## DancingSentence : TopCoder Problem 5950

[The problem appeared in TopCoder SRM 279 (Div-2, Level-1) and SRM 279 (Div-1, Level-1)]

Problem Statement:
A sentence is called dancing if its first letter is uppercase and the case of each subsequent letter is the opposite of the previous letter. Spaces should be ignored when determining the case of a letter. For example, “A b Cd” is a dancing sentence because the first letter (‘A’) is uppercase, the next letter (‘b’) is lowercase, the next letter (‘C’) is uppercase, and the next letter (‘d’) is lowercase.

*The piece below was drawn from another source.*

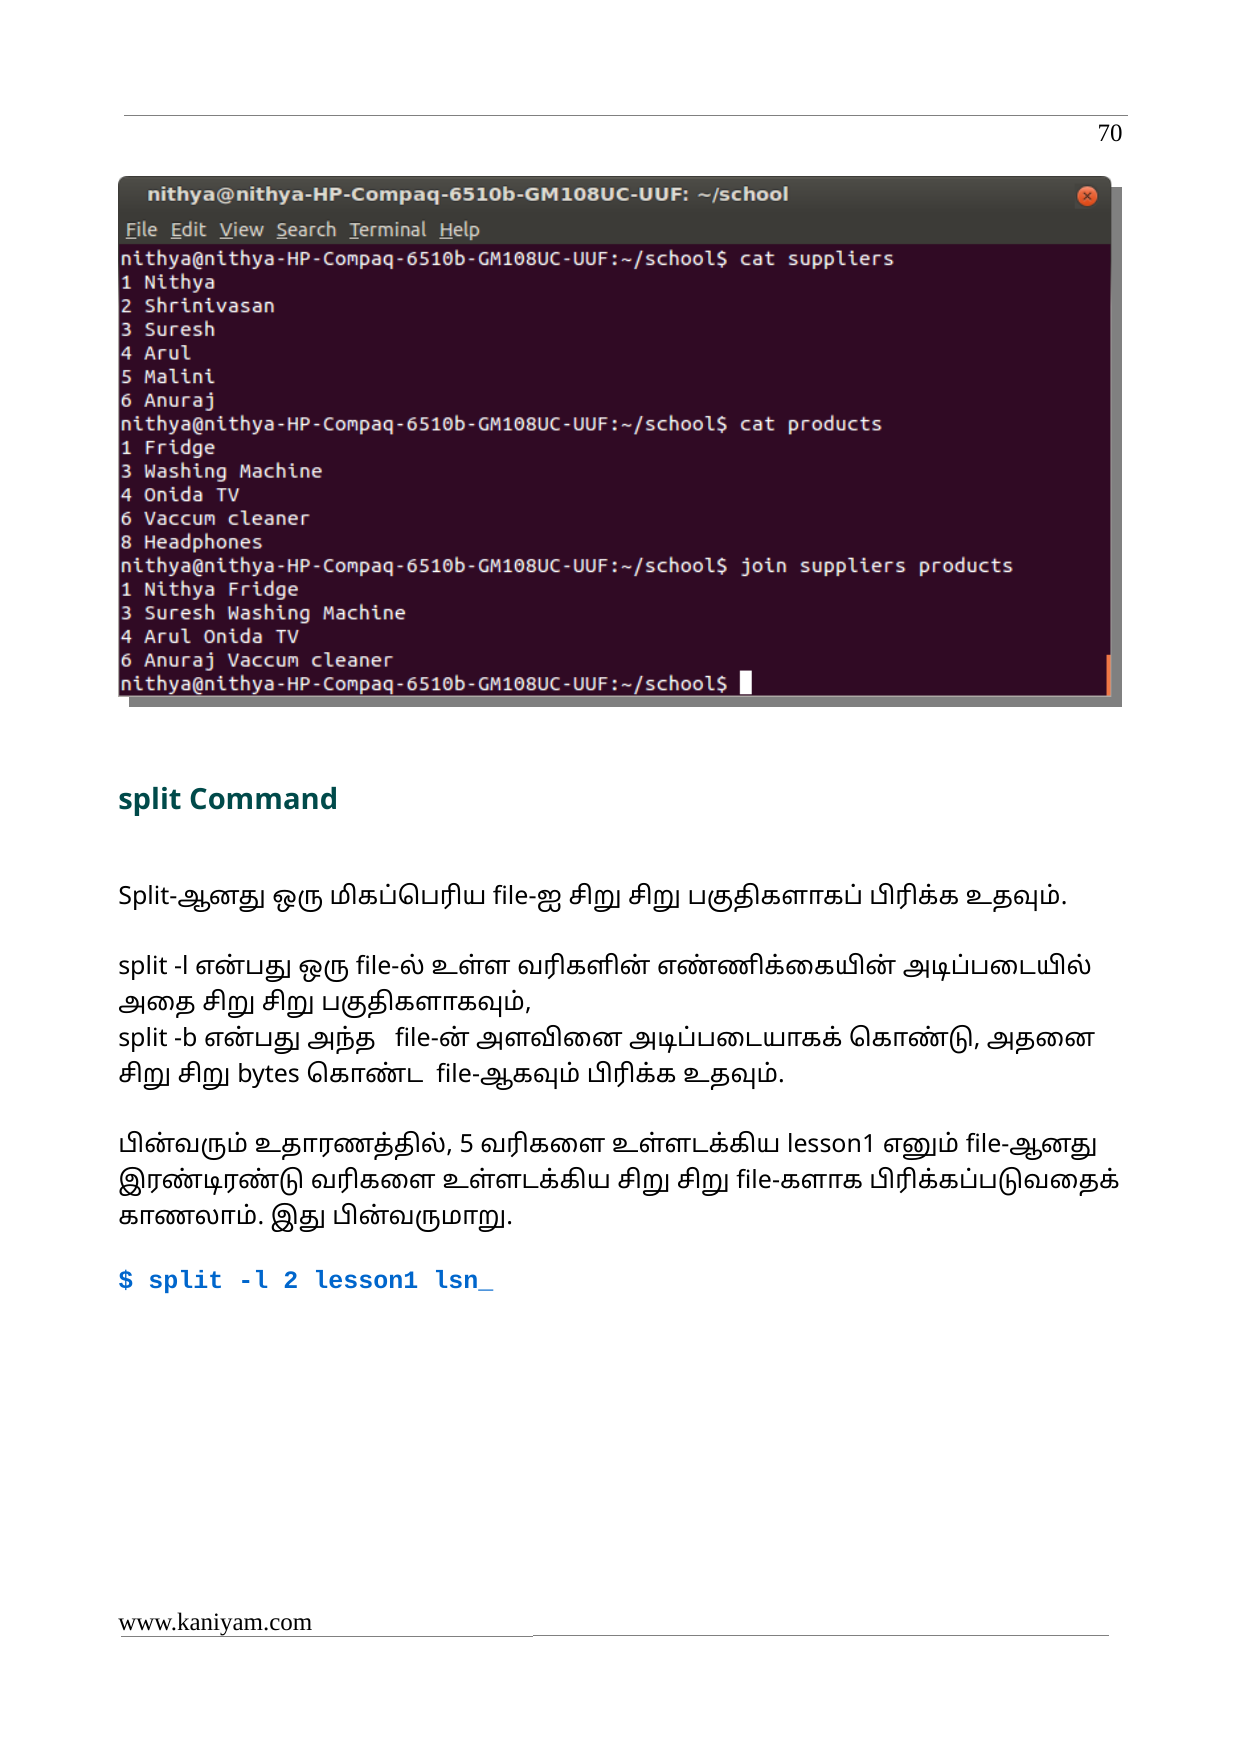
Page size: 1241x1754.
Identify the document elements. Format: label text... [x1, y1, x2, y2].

You will be given a String sentence. Turn the sentence into a dancing sentence by changing the cases of the letters where necessary. All spaces in the original sentence must be preserved.

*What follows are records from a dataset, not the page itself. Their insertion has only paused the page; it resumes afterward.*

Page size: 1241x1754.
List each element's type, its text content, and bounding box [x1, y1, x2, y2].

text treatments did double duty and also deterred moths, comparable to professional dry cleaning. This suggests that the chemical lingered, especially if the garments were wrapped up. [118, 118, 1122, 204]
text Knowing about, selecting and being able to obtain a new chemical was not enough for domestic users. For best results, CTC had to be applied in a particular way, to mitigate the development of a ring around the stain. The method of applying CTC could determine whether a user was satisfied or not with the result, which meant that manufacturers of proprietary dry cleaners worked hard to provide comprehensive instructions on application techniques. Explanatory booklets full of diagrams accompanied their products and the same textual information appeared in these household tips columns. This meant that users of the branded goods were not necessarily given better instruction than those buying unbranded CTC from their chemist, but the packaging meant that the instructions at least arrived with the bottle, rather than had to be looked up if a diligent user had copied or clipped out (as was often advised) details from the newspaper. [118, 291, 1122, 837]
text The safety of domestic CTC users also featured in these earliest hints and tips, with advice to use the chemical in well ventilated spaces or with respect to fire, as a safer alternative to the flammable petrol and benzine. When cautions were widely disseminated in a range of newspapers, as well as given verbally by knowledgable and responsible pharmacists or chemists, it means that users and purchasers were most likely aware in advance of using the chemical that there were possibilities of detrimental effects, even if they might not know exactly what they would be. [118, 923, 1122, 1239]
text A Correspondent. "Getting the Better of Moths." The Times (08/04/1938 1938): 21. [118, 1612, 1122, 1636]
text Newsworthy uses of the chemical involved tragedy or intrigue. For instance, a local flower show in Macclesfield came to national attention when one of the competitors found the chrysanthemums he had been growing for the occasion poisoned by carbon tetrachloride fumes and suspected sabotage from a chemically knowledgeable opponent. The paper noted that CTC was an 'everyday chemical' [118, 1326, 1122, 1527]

## PalindromeMaker : TopCoder Problem 5881

[The problem appeared in TopCoder SRM 274 (Div-2, Level-2) and SRM 274 (Div-1, Level-1)]

Problem Statement:
A palindrome is a string that is spelled the same forward and backward. We want to rearrange letters of the given string baseString so that it becomes a palindrome.

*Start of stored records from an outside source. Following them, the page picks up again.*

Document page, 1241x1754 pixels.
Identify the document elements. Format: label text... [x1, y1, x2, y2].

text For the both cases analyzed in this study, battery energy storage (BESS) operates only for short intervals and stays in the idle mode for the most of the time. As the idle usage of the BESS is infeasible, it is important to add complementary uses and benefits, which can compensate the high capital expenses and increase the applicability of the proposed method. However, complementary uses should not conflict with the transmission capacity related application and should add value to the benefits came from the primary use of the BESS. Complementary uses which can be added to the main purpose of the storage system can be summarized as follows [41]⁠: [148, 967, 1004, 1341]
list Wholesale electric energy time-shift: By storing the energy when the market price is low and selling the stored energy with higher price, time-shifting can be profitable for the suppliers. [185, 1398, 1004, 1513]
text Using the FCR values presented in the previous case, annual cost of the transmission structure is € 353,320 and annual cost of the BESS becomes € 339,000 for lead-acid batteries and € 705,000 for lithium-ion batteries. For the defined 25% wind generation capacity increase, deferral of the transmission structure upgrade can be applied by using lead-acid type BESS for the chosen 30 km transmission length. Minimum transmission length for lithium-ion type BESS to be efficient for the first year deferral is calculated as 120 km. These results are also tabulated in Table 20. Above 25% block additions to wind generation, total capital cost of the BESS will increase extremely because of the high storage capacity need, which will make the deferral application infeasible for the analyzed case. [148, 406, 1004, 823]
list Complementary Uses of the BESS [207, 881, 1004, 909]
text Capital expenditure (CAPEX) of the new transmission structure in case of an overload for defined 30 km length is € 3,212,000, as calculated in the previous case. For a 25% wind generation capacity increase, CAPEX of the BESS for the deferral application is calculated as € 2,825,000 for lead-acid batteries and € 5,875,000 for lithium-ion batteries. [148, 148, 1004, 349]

You will be given a String baseString. Return the palindrome that can be made from baseString. When more than one palindrome can be made, return the lexicographically earliest (i.e., the one that occurs first in alphabetical order). Return “” (the empty string) if no palindromes can be made from baseString.

## FewestFactors : TopCoder Problem 5886

[The problem appeared in TopCoder SRM 272 (Div-1, Level-1) and SRM 271 (Div-2, Level-2)]

Problem Statement:
You will be given some decimal digits in a int[] digits. Build an integer with the minimum possible number of factors, using each of the digits exactly once (be sure to count all factors, not only the prime factors). If more than one number has the same (minimum) number of factors, return the smallest one among them.

## CompletingBrackets : TopCoder Problem 5977

[The problem appeared in TopCoder SRM 280 (Div-1, Level-1) and TopCoder SRM 280 (Div-2, Level-2)]

Problem Statement:
A series of brackets is complete if we can pair off each left bracket ‘[‘ with a right bracket ‘]’ that occurs later in the series. Every bracket must participate in exactly one such pair.

Given a String text add the minimal number of brackets to the beginning and/or end of text to make it complete. Return the result.